- [Assigned task]: Determine how many of the lines below include "this", then respond with that number and no other text.

The data Start Marker

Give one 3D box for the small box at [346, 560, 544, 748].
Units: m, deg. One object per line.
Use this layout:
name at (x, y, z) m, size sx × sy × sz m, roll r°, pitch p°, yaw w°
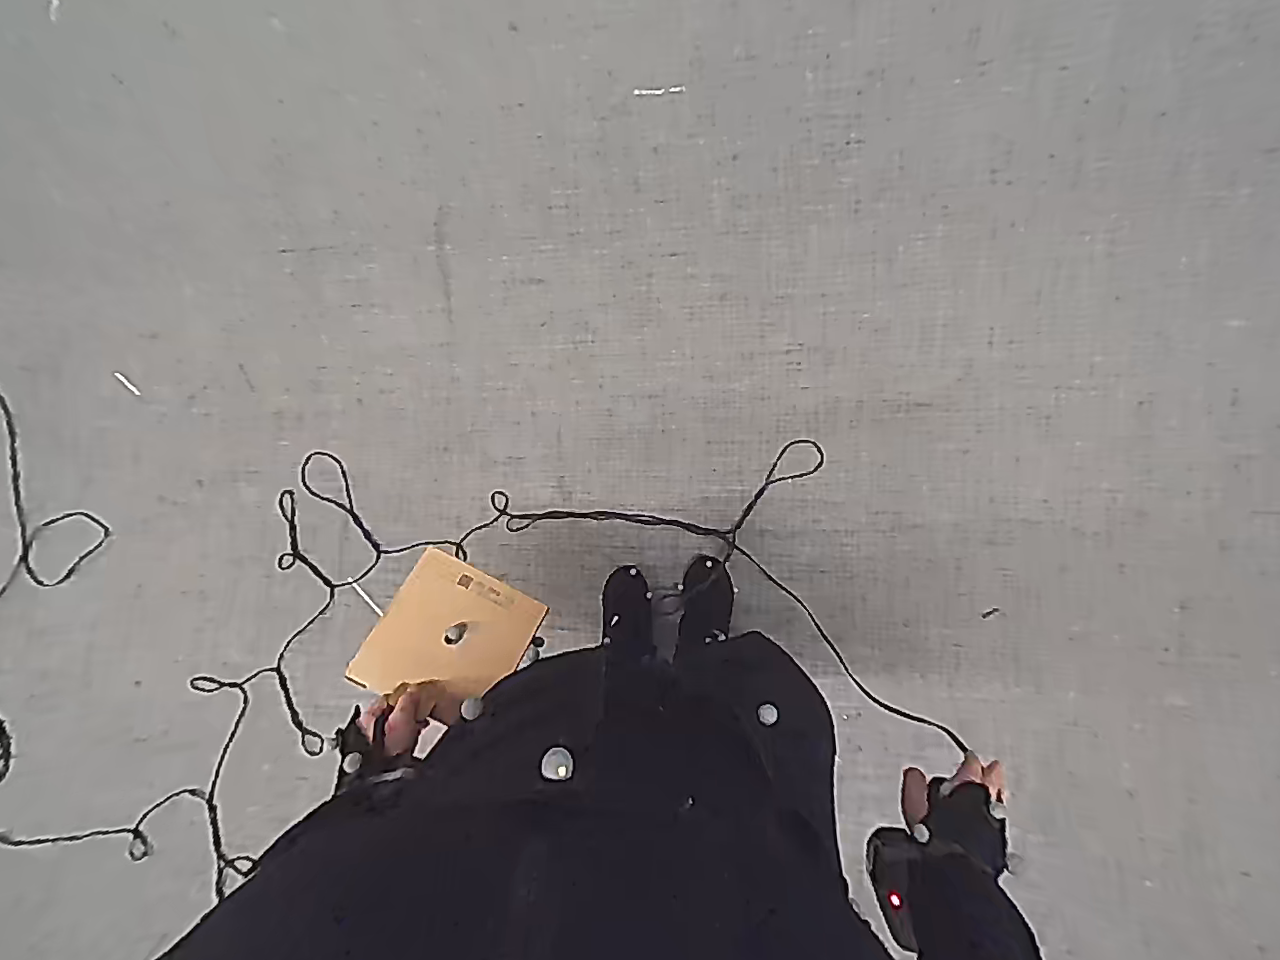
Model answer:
small box at (-0.238, 0.220, 0.701) m, size 0.168 × 0.179 × 0.176 m, roll 29°, pitch 66°, yaw -3°
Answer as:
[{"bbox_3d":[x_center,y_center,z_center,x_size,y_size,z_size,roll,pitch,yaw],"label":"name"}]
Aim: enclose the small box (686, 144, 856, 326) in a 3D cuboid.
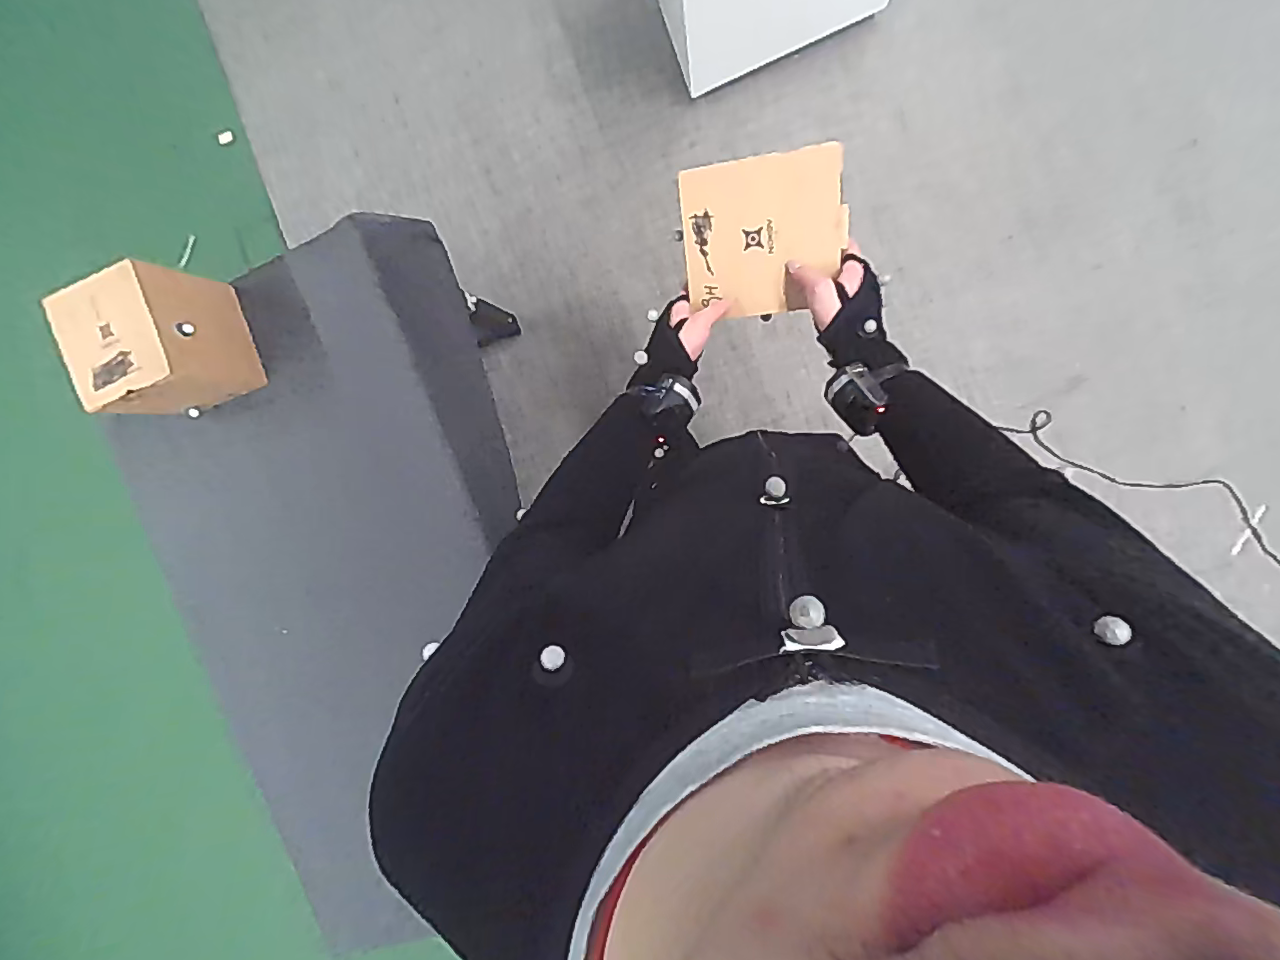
[{"bbox_3d":[0.154,-0.288,0.663,0.179,0.176,0.168,-4,109,11],"label":"small box"}]
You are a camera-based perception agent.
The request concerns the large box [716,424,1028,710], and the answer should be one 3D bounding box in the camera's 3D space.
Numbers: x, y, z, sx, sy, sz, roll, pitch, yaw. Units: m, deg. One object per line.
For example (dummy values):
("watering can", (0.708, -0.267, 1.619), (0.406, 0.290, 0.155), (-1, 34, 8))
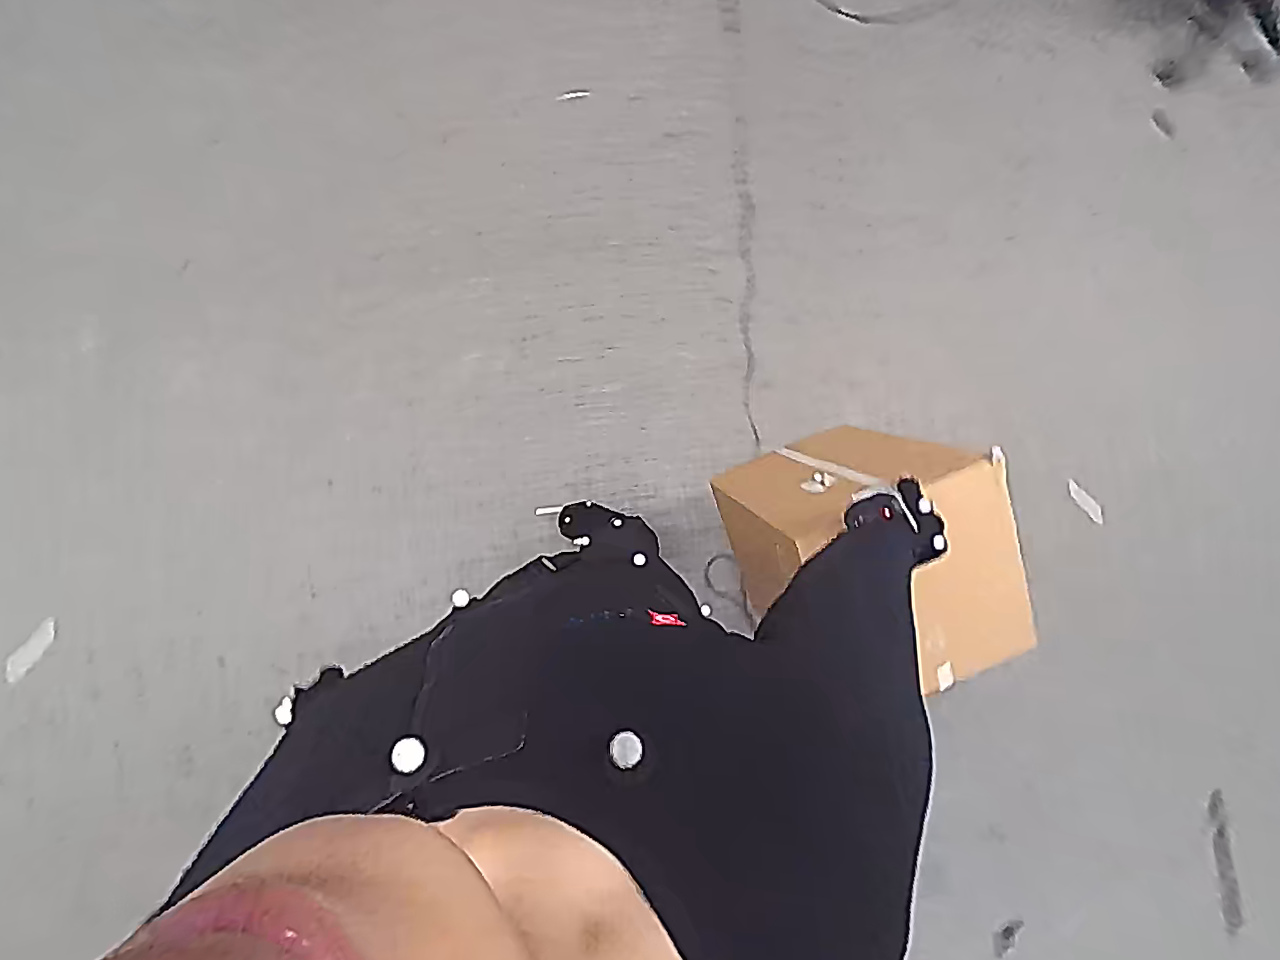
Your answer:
("large box", (0.377, 0.116, 0.963), (0.320, 0.408, 0.320), (-22, 106, -5))
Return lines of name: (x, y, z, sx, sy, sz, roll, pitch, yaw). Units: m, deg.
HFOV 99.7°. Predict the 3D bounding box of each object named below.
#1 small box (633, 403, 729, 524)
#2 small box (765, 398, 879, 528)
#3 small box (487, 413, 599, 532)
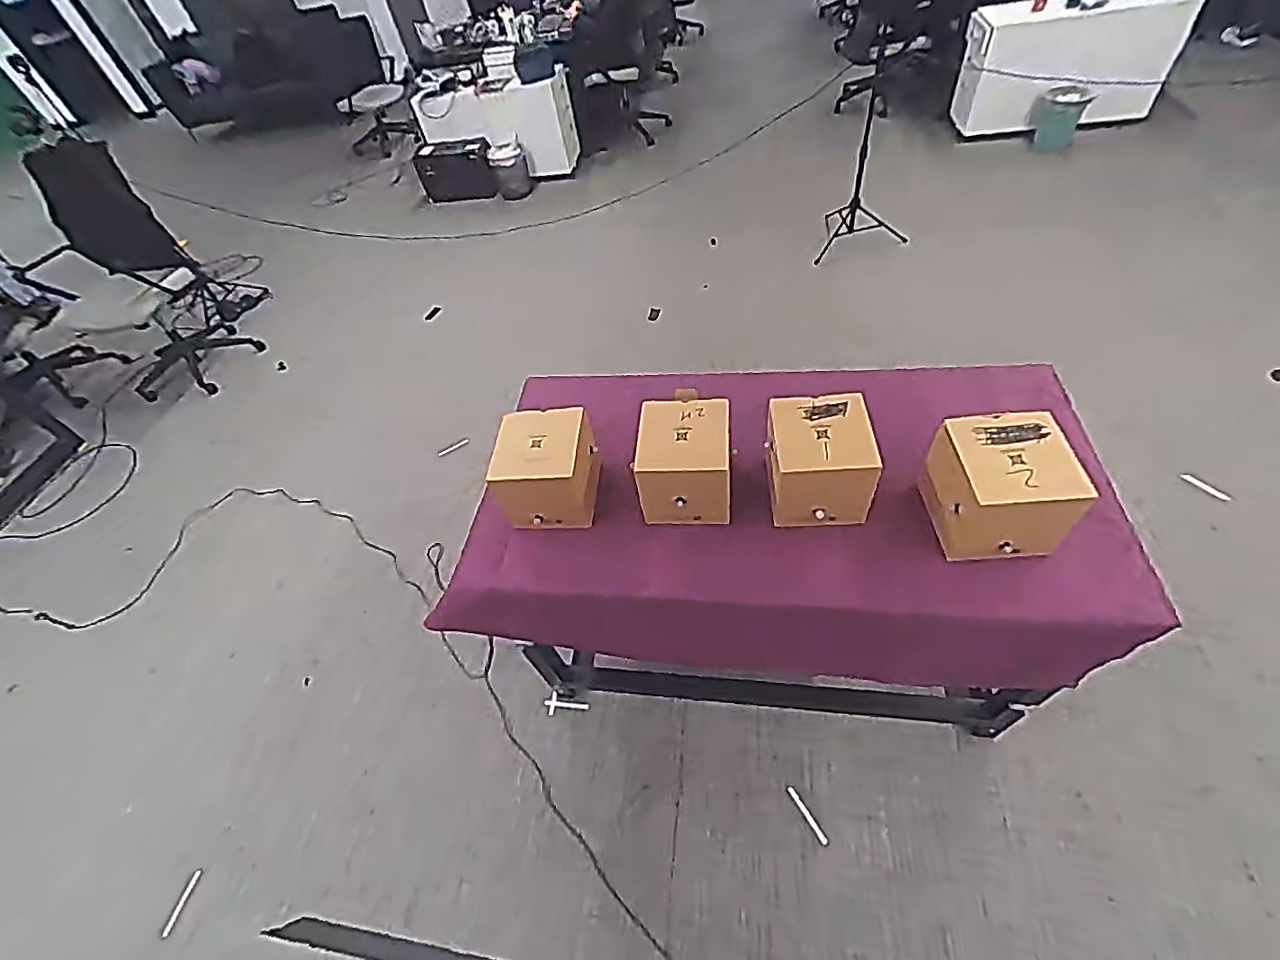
small box: (0.088, -0.027, 1.049, 0.168, 0.176, 0.179, 0, 51, 10)
small box: (0.326, -0.029, 1.008, 0.168, 0.176, 0.179, -3, 51, 8)
small box: (-0.184, -0.013, 1.088, 0.168, 0.176, 0.179, -2, 51, 9)
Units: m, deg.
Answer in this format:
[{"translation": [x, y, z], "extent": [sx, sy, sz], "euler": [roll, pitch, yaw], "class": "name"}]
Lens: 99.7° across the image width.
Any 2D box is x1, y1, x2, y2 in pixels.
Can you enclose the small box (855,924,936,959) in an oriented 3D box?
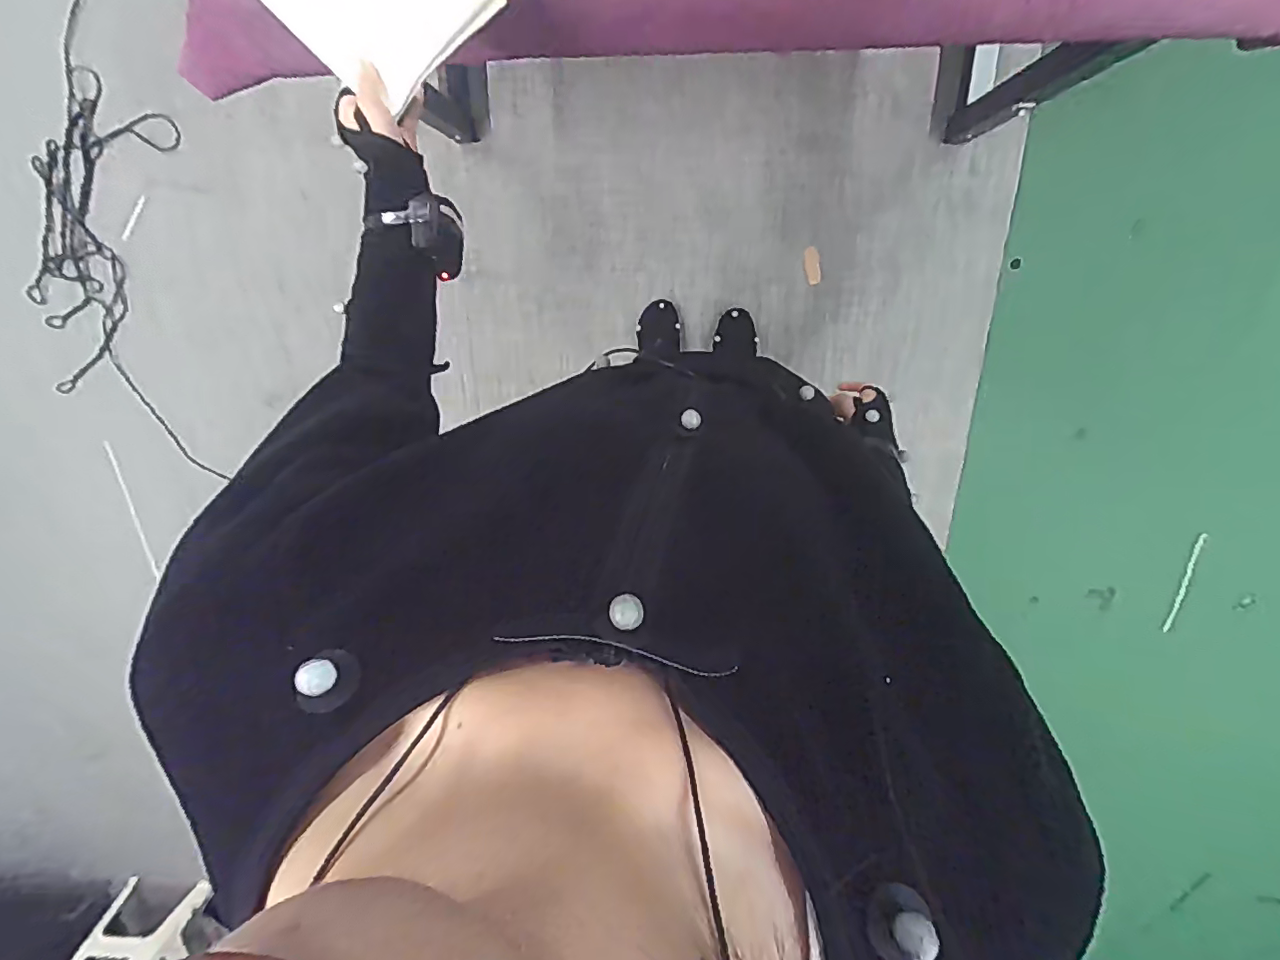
[{"translation": [0.631, 1.216, 1.300], "extent": [0.179, 0.176, 0.168], "euler": [-13, 106, 9], "class": "small box"}]

The data End Marker

- [Expected output]: 2